Review of The Wild One by Ruth Cardello

Ruth’s stories usually have a little more meat on them. This one was pretty much boy falls in love in a day, girl thinks he’s a player and gives him a hard time, boy has to to prove her wrong. That said, I still enjoyed the ride because Ruth Cardello can make even the most over used tropes quite fun to read.

She wants to go wild. A billionaire decides to go with her. For two Americans in Paris, love wasn’t in the plans in New York Times bestselling author Ruth Cardello’s sexy high-stakes romance.

After years of choosing safe over satisfying, a weeklong Paris fling sounds perfect to Wren Heath. And who better to have it with than Mauricio Romano, a billionaire with a reputation as a first-class heartbreaker. A few days. Fun, then done. What happens on vacation stays on vacation, right?

Paris was Mauricio’s playground, and love was never part of the game. Lust? Toujours. Then he meets a sweet woman who wants to be a sex kitten. He knows how to give her the wildest five days and nights of her life. No commitments. No strings. But the hotter it gets, the harder it is to remember his own rules.
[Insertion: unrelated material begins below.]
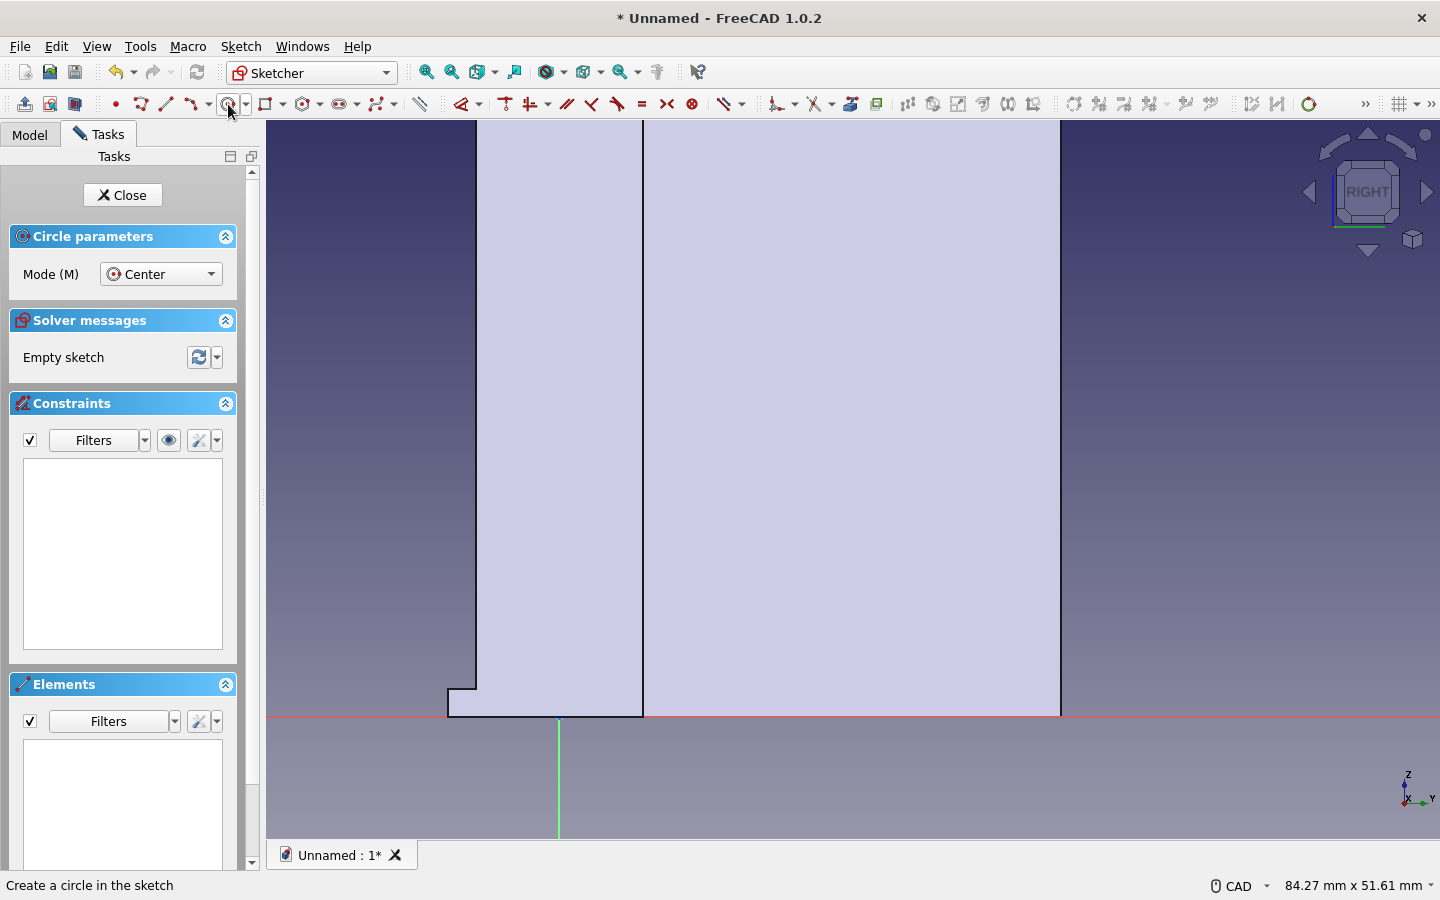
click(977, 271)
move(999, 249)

What do you do when what happens in Paris stays in your heart and then shows up at home?

Are these two destined to clash or destined for love?

Available on Amazon and via Kindle Unlimited with audio included.

This edition came with the audio included. After the first couple chapters listening, I found I wasn’t enjoying the narration as much as I’d enjoyed the narration in book one of the series. Apparently the narrators were different. That’s not to say Mackenzie Cartwright and Rock Engle did a bad job. The switch from male to female voices in the chapters told from Mauricio’s and Wren’s perspectives was very useful for immediately knowing which POV we were in. Both narrators did a good job of differentiation between male and female characters but neither did a particularly great job of differentiation within the sexes. The audio quality was excellent and I noticed no glitches. The text and audio remained in sync at all times.

Let’s start with some of the best bits of the story. The Paris setting is fabulous. We have lots of history and culture lessons thrown in courtesy Wren’s research and exuberance. Some of it was interesting and in-keeping with her character. Some of it also felt like page filler. I did enjoy her take on the Lock Bridge though. I mean seriously, you really need to pop a padlock on a bridge to show your undying love for someone?! And that’s coming from a big old romantic!

Wren is a sweet heroine. The first couple of chapters paint her as the more innocent counterpart to her best friend, Cecile. However, her interactions with Mauricio show that she’s no pushover. As an only child with a father who is coping with PTSD as a war veteran, she’s a determined and loyal daughter. Her parents have provided for her through all of their challenges and she wants to be help them as much as she can. Maybe a little too much, as she’s had to put some her dreams on hold. She’s quick to write off Mauricio as nothing more than a distracting playboy, and with good reason as his reputation as just such precedes him. Yet, he brings out her playful side and the chemistry between them is fun to read.

Mauricio is far more complex than Wren wants to give him credit for being. He grew up with two loving and in love parents and with three brothers. He might be the most notable playboy of the bunch, but he’s a dependable brother. When his elder brother needed him most he was there and able to step in to his shoes, at the head of the family business. Now that Sebastian is back on his feet, Mauricio is free to finally discover what he really wants out of life. He quickly decides it’s Wren. Maybe too quickly but, hey, it’s an escapist romance story!

I did enjoy how both of these characters are very family driven. It’s a factor both have in common and one that will help them along the way as they figure out how to make a relationship work.

Once again, there was a very abrupt chapter inserted (just after the midway point) from Dominic’s perspective that I could have done without… but it was better than the random annoying ‘Judy’ chapters of the first installment. The story also ends with a Dominic chapter as he’s key to the overall series arc concerning the mysterious Italian family connections. Although his attitude is awful and hints at none of the character development he had in an earlier series, I suspect he will come full circle, again, by the end of these series.

Overall, a fun escapist read. I give The Wild One 3/5 espresso shots.